Your task
Look below for the line containing "4. area: 13.8 mm2"; from there through the line containing "7. face 1: draft", both lines included, please set down each line exactly and nothing else.

Saved data entries
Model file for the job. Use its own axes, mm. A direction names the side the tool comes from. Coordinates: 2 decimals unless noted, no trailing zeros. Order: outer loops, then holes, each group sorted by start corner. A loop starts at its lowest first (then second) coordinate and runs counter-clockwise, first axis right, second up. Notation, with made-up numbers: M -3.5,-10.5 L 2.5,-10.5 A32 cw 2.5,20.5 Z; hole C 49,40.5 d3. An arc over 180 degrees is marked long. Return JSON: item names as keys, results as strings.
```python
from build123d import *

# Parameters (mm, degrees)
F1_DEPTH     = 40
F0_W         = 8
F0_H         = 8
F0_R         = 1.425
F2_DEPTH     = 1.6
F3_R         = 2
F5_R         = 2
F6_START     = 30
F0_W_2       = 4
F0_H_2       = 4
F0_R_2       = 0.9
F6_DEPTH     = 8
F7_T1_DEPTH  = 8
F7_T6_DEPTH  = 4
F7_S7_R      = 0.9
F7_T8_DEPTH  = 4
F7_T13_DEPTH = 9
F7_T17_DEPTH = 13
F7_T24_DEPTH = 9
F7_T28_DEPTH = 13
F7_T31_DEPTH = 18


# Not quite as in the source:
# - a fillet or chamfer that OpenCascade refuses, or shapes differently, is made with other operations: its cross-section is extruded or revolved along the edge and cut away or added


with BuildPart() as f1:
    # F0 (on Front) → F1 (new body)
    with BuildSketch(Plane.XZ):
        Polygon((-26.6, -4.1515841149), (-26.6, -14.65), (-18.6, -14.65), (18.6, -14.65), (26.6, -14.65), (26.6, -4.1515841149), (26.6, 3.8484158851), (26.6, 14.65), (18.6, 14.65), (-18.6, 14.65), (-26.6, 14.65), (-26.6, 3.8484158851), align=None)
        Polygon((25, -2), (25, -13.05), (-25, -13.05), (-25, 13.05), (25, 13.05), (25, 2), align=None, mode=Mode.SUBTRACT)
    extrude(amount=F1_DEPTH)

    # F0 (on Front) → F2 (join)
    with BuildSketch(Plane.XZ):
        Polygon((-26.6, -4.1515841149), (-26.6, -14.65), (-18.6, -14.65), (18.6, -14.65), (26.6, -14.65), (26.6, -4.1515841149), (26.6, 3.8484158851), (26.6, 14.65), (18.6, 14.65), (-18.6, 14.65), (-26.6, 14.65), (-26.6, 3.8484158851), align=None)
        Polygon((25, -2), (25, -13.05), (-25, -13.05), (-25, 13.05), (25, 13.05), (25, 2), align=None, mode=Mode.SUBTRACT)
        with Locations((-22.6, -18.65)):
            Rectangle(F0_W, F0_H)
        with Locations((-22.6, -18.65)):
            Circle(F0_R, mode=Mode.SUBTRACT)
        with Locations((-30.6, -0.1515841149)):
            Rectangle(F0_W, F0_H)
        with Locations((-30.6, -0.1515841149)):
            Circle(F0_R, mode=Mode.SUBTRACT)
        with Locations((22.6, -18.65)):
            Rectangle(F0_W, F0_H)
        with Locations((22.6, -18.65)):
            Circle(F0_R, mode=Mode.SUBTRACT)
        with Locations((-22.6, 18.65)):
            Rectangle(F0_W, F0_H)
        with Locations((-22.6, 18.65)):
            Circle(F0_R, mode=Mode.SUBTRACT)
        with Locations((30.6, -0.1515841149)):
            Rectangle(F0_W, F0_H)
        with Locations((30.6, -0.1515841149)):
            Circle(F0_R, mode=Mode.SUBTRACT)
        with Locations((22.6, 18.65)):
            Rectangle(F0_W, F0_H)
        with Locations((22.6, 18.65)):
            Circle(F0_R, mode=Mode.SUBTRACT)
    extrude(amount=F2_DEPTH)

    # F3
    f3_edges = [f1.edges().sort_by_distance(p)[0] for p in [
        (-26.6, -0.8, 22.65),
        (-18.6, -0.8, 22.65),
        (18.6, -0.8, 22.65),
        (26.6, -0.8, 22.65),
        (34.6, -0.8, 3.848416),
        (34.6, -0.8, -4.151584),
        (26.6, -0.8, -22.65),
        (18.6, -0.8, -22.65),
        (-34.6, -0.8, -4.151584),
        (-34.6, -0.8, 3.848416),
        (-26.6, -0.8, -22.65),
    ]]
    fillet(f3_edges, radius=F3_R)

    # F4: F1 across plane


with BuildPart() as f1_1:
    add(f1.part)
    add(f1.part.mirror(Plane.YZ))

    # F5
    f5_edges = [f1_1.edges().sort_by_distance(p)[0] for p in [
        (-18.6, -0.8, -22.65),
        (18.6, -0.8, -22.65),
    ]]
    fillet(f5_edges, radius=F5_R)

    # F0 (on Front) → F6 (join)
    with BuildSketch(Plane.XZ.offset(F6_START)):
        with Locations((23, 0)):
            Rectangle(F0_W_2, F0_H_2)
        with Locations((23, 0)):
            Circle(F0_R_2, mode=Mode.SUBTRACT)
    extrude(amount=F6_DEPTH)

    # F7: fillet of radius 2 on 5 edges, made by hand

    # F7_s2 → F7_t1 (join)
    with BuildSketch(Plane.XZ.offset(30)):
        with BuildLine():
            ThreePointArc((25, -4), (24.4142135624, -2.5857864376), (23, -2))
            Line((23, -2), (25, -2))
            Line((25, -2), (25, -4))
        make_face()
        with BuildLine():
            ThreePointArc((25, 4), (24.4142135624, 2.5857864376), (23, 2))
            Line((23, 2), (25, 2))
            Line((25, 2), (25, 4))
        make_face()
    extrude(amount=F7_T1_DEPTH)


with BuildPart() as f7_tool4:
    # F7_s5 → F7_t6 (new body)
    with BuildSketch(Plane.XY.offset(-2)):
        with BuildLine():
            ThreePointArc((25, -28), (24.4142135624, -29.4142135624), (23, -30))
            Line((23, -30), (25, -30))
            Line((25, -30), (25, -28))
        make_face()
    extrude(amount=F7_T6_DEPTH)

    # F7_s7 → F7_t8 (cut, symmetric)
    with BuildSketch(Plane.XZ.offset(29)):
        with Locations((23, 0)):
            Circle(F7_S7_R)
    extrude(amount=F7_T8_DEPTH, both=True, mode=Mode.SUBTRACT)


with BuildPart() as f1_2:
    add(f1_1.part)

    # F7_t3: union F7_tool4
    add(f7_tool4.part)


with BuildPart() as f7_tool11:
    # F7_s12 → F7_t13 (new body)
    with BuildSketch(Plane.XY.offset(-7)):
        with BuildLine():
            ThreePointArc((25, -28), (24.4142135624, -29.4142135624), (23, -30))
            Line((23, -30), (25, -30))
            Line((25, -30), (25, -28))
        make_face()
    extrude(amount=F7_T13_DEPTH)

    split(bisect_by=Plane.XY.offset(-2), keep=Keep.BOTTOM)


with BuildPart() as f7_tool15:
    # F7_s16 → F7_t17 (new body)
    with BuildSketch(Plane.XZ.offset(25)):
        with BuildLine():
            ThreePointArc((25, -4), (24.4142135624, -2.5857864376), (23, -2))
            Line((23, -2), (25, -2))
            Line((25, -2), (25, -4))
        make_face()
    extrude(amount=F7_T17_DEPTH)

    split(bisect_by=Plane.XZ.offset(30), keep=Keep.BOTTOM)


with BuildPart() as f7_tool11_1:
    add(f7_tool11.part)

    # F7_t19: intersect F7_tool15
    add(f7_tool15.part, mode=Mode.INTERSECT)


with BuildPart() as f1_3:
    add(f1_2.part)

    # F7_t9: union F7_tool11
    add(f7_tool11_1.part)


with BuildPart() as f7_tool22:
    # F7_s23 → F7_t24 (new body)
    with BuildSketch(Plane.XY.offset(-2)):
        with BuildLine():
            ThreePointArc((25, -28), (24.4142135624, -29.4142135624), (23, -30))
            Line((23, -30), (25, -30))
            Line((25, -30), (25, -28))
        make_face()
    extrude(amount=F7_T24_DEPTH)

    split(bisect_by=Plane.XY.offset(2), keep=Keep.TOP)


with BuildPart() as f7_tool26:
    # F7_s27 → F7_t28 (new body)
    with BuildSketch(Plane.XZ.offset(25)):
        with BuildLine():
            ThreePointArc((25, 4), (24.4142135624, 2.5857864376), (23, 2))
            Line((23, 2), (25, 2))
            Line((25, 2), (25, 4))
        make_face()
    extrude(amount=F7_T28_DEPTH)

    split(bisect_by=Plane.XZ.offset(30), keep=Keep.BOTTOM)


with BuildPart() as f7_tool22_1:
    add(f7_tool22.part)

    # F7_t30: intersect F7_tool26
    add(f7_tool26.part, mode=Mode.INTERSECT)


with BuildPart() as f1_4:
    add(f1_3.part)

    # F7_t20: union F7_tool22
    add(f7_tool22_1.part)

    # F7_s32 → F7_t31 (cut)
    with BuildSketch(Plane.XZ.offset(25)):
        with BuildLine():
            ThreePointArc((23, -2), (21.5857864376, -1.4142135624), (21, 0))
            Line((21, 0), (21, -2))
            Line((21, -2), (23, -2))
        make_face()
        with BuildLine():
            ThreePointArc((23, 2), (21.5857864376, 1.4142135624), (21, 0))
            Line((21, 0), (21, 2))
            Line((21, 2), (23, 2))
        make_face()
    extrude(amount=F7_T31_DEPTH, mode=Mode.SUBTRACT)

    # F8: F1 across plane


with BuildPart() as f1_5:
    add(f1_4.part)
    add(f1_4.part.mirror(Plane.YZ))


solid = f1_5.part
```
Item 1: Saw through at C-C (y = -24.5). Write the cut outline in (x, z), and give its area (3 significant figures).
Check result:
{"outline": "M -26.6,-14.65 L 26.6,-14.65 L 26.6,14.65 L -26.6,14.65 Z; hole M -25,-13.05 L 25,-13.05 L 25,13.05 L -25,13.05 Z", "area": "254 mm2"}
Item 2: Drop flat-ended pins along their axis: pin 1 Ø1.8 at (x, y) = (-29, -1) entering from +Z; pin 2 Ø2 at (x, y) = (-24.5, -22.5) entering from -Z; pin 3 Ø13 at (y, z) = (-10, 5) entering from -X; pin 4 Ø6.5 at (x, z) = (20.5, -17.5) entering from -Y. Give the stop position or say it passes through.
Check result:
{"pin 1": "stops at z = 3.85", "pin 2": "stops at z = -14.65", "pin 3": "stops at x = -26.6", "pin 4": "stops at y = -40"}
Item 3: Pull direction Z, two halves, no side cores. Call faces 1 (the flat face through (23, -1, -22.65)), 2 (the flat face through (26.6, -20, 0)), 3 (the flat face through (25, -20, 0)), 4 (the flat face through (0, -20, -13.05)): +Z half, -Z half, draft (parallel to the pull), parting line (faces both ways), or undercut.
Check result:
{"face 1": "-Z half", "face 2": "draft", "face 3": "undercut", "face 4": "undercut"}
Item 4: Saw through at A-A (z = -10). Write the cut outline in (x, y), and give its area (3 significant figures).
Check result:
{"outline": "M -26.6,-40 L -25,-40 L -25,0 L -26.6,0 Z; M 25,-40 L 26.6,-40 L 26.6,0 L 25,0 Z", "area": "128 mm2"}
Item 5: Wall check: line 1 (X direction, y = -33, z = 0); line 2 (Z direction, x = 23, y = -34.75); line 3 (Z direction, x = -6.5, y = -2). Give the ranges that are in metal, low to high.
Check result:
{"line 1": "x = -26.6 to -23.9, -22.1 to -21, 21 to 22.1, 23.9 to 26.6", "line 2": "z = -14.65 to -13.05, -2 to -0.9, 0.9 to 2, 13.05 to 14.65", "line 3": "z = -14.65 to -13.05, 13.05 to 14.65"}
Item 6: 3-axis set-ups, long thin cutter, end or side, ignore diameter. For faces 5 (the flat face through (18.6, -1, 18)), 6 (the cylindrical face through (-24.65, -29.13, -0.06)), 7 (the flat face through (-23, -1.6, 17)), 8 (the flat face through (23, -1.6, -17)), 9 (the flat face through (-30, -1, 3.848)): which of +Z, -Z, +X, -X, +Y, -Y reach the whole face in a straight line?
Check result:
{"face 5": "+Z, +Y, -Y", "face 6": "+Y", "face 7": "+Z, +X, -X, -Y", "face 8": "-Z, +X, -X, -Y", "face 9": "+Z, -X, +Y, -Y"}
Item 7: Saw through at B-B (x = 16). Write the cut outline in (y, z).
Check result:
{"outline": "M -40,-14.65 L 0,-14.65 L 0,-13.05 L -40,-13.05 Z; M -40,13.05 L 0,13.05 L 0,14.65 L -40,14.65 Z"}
...
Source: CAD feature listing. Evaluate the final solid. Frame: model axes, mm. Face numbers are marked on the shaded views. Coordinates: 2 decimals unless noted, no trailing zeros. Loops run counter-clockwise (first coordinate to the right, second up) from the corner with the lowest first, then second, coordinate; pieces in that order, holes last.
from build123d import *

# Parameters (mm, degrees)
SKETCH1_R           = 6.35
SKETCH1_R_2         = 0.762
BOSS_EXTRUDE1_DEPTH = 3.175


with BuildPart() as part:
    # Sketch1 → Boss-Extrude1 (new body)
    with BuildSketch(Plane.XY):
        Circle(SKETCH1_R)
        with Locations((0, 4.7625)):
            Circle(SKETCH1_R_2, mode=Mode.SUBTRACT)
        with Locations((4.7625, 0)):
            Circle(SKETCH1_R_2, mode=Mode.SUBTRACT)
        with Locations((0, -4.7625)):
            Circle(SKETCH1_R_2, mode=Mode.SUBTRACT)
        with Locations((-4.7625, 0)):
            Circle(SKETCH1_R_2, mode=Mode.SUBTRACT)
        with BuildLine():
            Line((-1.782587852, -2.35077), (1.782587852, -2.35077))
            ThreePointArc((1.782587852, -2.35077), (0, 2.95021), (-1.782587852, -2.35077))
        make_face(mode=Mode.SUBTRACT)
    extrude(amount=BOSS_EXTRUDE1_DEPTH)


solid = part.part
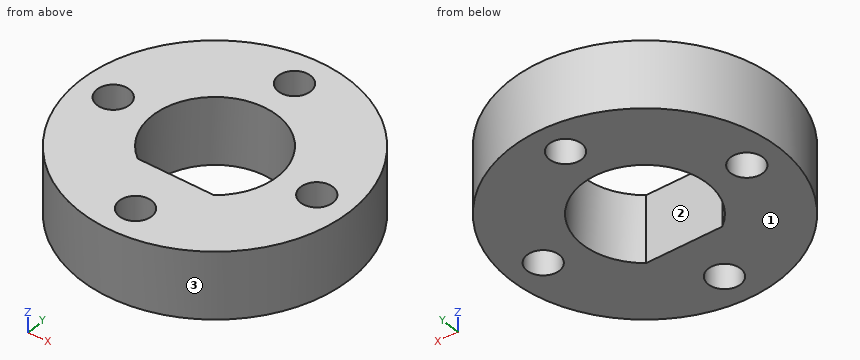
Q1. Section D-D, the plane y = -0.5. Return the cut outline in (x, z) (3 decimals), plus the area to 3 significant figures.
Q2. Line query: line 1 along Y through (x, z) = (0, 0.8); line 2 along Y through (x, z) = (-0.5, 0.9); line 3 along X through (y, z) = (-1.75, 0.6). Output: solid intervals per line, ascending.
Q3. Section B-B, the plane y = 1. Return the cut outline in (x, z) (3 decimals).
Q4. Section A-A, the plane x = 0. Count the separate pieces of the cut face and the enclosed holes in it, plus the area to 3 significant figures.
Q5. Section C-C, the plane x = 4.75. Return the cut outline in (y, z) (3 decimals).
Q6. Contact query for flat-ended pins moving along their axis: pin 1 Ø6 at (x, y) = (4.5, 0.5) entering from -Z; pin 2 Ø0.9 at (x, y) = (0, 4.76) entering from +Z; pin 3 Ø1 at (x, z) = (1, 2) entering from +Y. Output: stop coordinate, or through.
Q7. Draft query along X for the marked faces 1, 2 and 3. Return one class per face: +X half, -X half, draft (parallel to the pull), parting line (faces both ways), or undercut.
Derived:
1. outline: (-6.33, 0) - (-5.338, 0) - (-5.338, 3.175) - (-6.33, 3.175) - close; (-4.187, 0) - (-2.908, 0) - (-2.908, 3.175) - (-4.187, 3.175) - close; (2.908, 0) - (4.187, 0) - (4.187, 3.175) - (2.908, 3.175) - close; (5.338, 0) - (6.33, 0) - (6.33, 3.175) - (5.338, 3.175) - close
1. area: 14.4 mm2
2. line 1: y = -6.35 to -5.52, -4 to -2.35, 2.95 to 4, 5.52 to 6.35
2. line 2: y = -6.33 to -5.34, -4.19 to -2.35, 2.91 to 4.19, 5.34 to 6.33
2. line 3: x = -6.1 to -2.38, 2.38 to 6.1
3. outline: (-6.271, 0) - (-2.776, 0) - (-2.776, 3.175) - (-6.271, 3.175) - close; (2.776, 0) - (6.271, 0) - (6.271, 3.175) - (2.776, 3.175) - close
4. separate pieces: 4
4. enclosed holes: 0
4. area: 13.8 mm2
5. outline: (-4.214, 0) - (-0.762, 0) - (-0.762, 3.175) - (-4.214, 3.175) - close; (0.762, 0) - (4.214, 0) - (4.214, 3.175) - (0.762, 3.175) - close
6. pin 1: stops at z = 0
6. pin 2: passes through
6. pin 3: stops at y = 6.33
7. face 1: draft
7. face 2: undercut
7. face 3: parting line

The answer
4. area: 13.8 mm2
5. outline: (-4.214, 0) - (-0.762, 0) - (-0.762, 3.175) - (-4.214, 3.175) - close; (0.762, 0) - (4.214, 0) - (4.214, 3.175) - (0.762, 3.175) - close
6. pin 1: stops at z = 0
6. pin 2: passes through
6. pin 3: stops at y = 6.33
7. face 1: draft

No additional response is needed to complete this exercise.